I agree with your assessment. Most the mediocre bikes went super cheap. If you wanted to do some bottom feeding you could have had a feast yesterday. With a few exceptions I thought the prices overall were fair to low compared to the last few years.  I put in a few bids but most of the stuff I was after went just out of reach. That Oriole with the rear shifter was a bargain IMO. I thought it would bring a good bit more and I was tempted to bid as it was ending.


----------



## bikewhorder (Apr 22, 2018)

saladshooter said:


> Thank you I'm proud to own it.
> 
> I'm on a Monark kick I guess.

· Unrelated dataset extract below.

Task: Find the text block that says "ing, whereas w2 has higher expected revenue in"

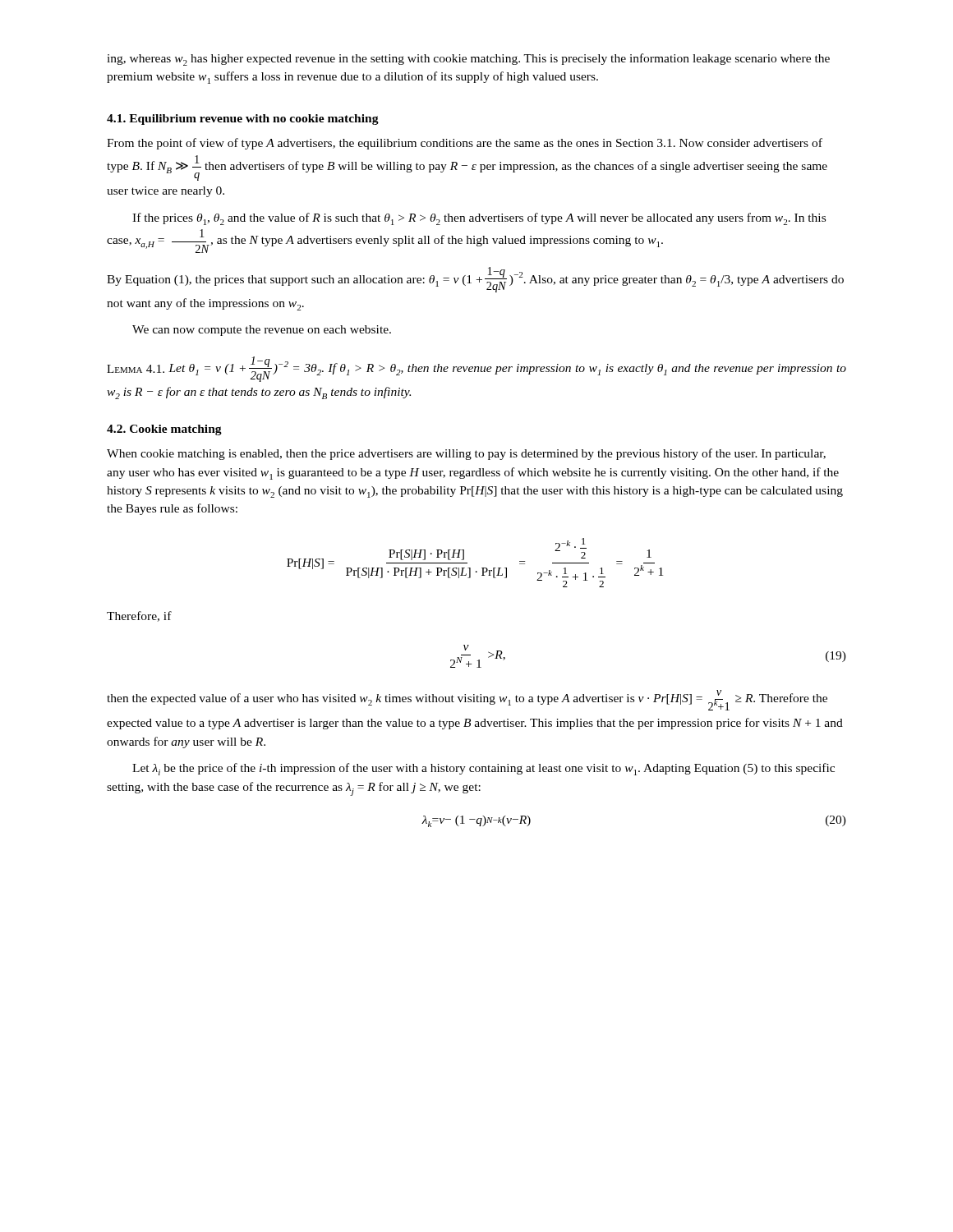Action: point(468,68)

I think my pair will look great together.
> 
> Chad



They will, You have the two coolest Monarks I've ever seen.


----------



## charnleybob (Apr 22, 2018)

How much did the Oriole with the shifter go for?
How much did the super rare Twin Flex go for?


----------



## catfish (Apr 22, 2018)

charnleybob said:


> How much did the Oriole with the shifter go for?
> How much did the super rare Twin Flex go for?

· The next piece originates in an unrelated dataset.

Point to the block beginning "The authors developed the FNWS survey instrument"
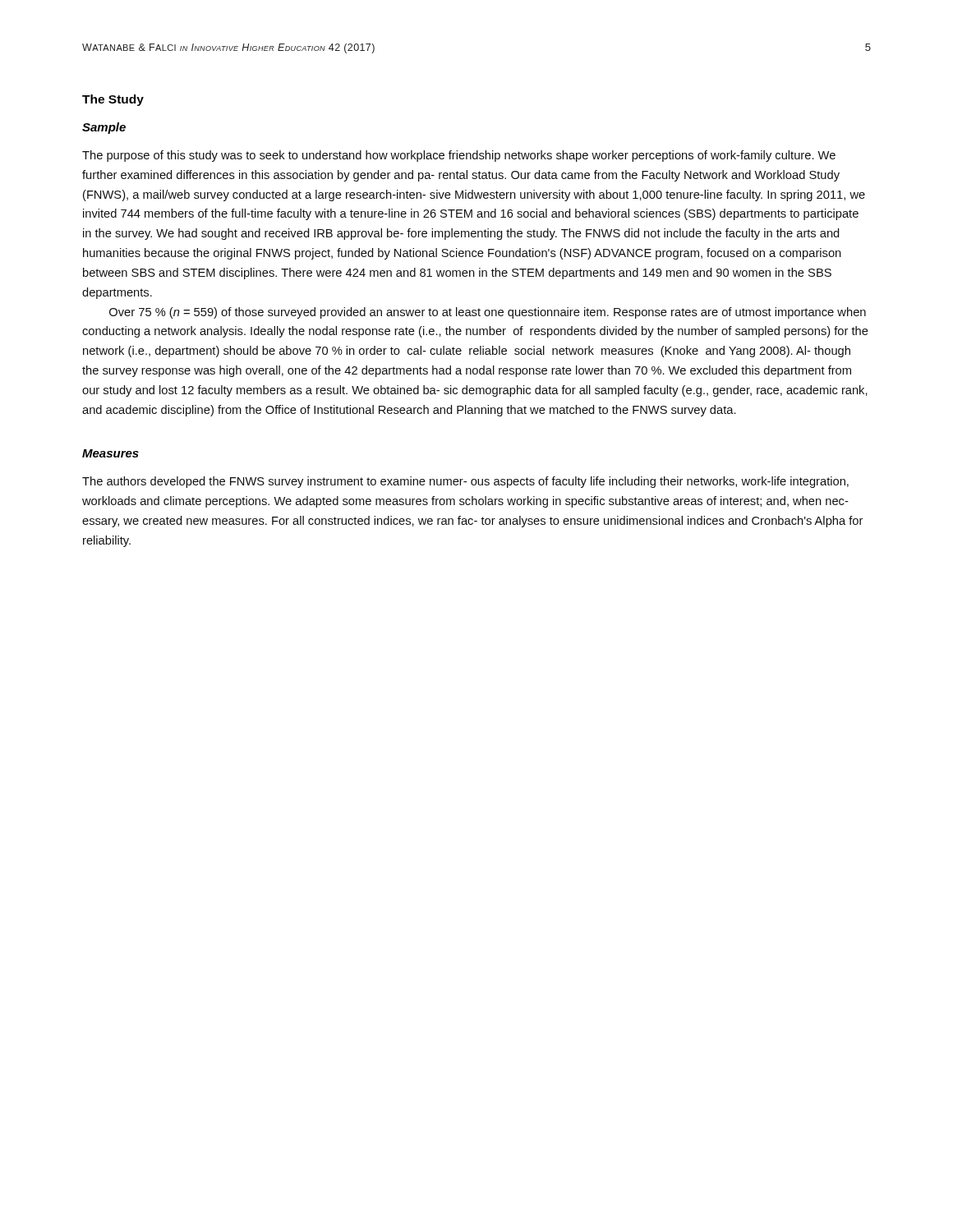 (x=473, y=511)

$1800.00 plus fees for the Oriole.


----------



## Freqman1 (Apr 22, 2018)

charnleybob said:


> How much did the Oriole with the shifter go for?
> How much did the super rare Twin Flex go for?



I bought the girls TF--$1300 hammer price. V/r Shawn


----------



## charnleybob (Apr 22, 2018)

Freqman1 said:


> I bought the girls TF--$1300 hammer price. V/r Shawn





Wow!
Great deal!


----------



## Freqman1 (Apr 22, 2018)

charnleybob said:


> Wow!
> Great deal!



Thanks Bob I'm pretty stoked. I'll pick it up at MLC. V/r Shawn


----------



## STRADALITE (Apr 22, 2018)

Is there a way to see the results for all the bikes sold?


----------



## Freqman1 (Apr 22, 2018)

If you log into Liveauctioneers you can see the hammer prices. V/r Shawn


----------



## whizzerbug (Apr 24, 2018)

I didn't make it to he swapmeet on Friday and was curious if there were any whizzers or whizzer parts 4 sale?


----------